Rice Mountjoy

Biographical details
- Born: April 21, 1901 Kentucky, US
- Died: May 6, 1985 (aged 84) Florence, Kentucky, US

Coaching career (HC unless noted)
- 1924: Frankfort High School
- 1925–1928: Kavanaugh High School
- 1928–41: Danville High School
- 1941–42: Murray State
- 1942–45: Tilghman High School
- 1946–1953: Dixie Heights High School
- 1954–1959: Boone County High School

Head coaching record
- Overall: 18–4 (college basketball)

= Rice Mountjoy =

James Rice Mountjoy (April 21, 1901 – May 6, 1985) was an American high school athletics coach in Kentucky and was the head coach of the Murray State Teachers College men's basketball team during the 1941–42 season.

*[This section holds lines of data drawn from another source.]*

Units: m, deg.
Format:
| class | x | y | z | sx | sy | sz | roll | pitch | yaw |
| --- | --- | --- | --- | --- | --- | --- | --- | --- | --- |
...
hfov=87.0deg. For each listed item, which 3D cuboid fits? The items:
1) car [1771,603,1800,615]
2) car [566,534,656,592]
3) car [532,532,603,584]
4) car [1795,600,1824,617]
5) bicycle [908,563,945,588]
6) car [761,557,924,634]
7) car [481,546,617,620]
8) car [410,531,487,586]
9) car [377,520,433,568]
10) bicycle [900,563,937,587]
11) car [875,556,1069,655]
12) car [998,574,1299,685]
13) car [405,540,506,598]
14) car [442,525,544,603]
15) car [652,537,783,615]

A former track star at Centre College, Mountjoy began his coaching career in 1924 at Frankfort High School, where he coached the basketball team the quarterfinals of the state tournament. In 1925 he returned alma mater, Kavanaugh High School where his players included Forrest Sale and Paul McBrayer. He spent 13 years as the athletic director and head football, basketball, and track coach at Danville High School where he compiled a 95–21–10 record in football and only two of his 13 basketball teams failed to reach the regional tournament. In his only season as Murray State's basketball coach, the Thoroughbreds went 18–4 and earned a spot in the 1942 NAIA Division I men's basketball tournament. One of Mountjoy's players was future Basketball Hall of Famer Joe Fulks.

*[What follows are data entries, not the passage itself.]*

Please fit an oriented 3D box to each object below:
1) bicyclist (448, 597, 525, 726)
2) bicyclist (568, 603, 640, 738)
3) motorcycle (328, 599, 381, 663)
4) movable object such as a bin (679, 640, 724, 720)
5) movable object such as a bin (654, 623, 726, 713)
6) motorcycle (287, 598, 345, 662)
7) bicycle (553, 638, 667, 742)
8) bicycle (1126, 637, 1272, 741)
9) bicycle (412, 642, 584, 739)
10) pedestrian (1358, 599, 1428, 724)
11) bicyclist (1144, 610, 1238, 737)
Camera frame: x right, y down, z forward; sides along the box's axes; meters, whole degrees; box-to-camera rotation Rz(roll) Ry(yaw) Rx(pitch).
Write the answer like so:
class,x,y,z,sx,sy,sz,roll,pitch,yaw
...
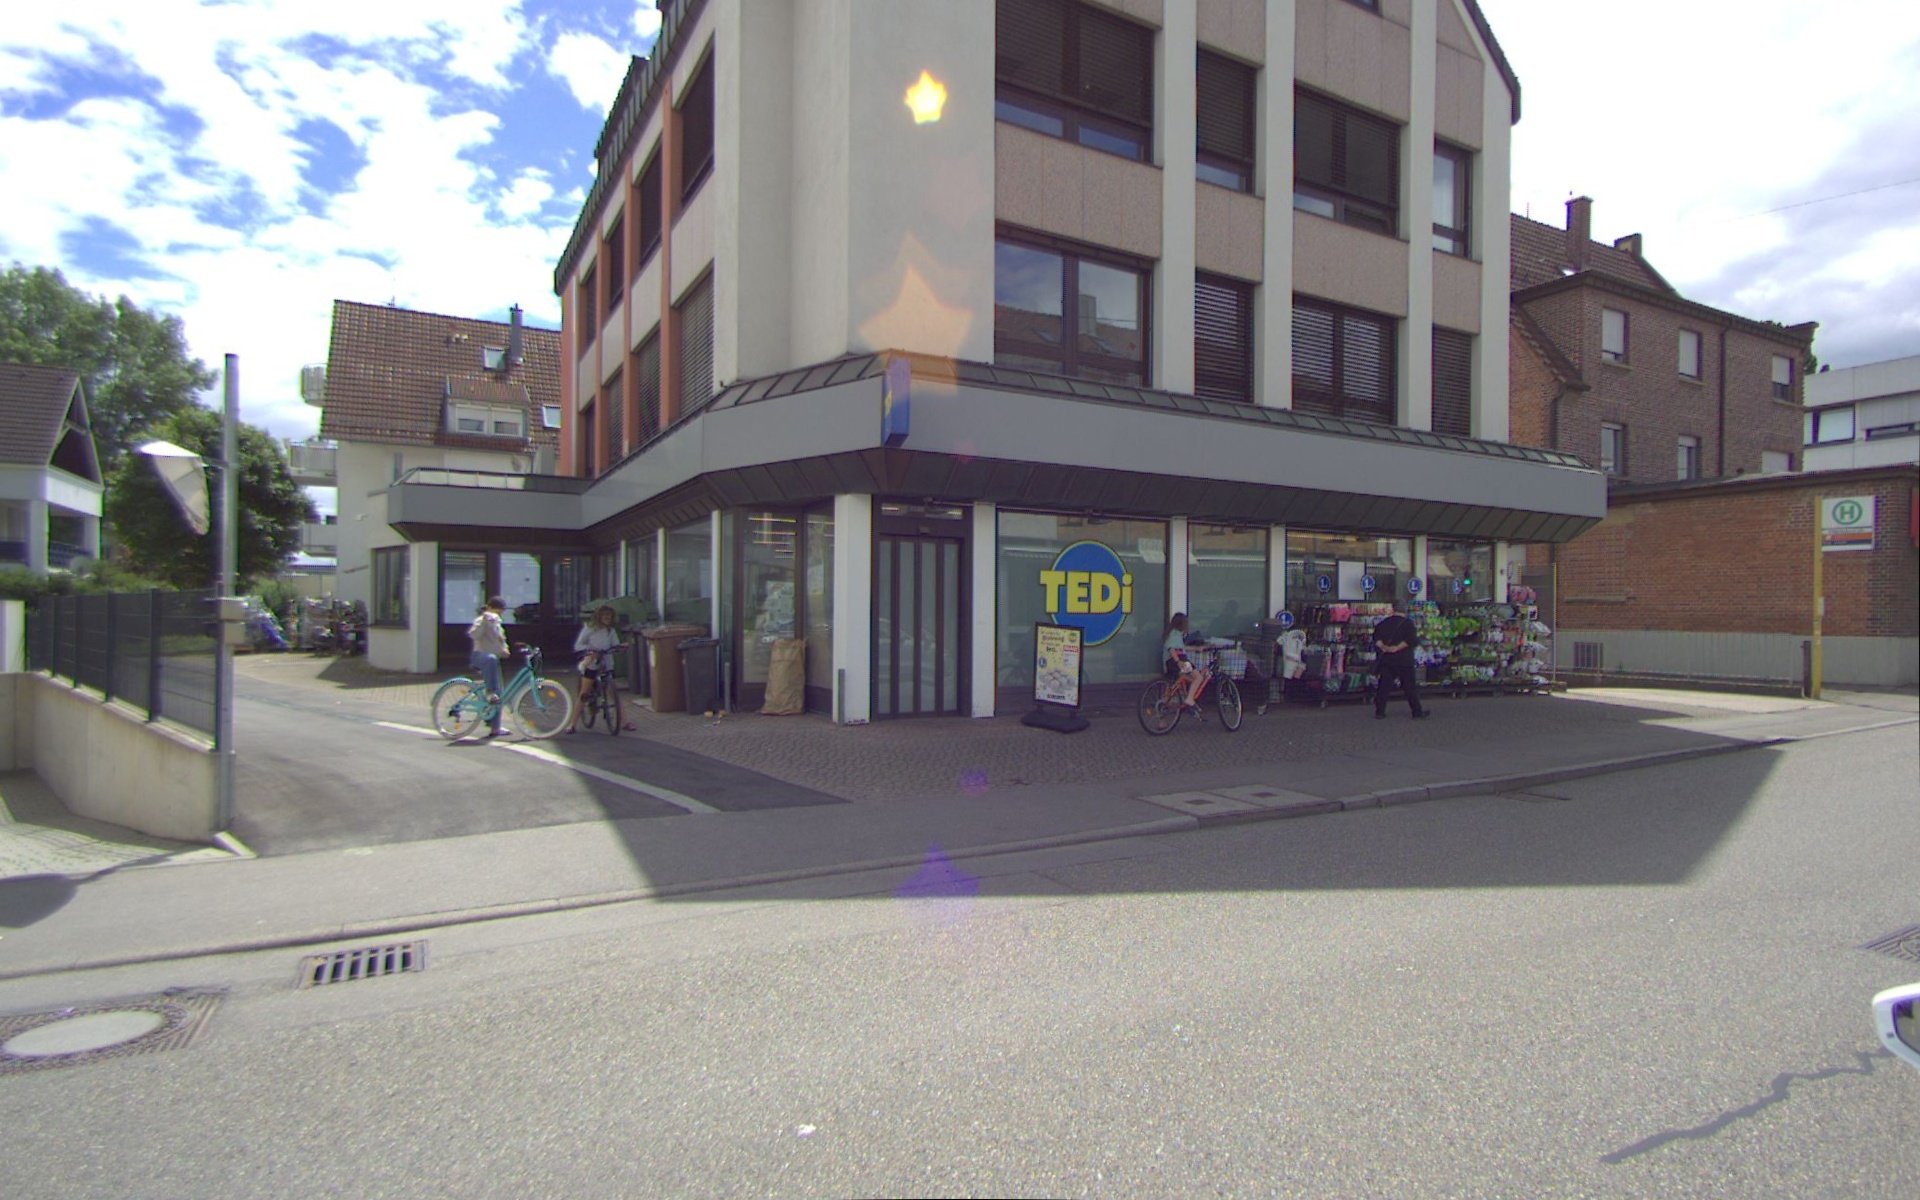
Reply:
class,x,y,z,sx,sy,sz,roll,pitch,yaw
bicyclist,-4.808,0.608,10.221,0.418,1.258,0.642,2,0,3
bicyclist,-3.824,0.733,10.787,0.585,1.384,0.419,-2,1,-44
motorcycle,-15.631,0.768,26.003,0.849,1.539,3.778,1,-1,-26
movable object such as a bin,-3.176,0.968,12.335,0.438,0.923,0.405,-2,1,-30
movable object such as a bin,-3.476,0.853,12.925,0.729,1.080,0.680,-2,1,-30
motorcycle,-16.778,0.752,26.252,0.849,1.539,3.595,1,-1,-26
bicycle,-3.779,0.925,10.762,0.551,0.967,1.670,0,0,-42
bicycle,2.736,0.981,11.431,1.714,1.064,0.441,1,6,-31
bicycle,-4.678,0.903,10.196,1.557,0.929,0.459,0,0,6
pedestrian,5.732,0.793,13.320,0.757,1.579,0.574,2,0,20
bicyclist,2.650,0.823,11.559,0.753,1.355,0.664,0,4,-30

Mountjoy left Murray State in 1942 to coach football at Tilghman High School. In his three seasons at THS, his football teams amassed a 22–5 record. From 1946 to 1953, Mountjoy was the head football coach and athletic director at Dixie Heights High School. He spent six seasons as head football coach and athletic director at Boone County High School before retiring in 1959.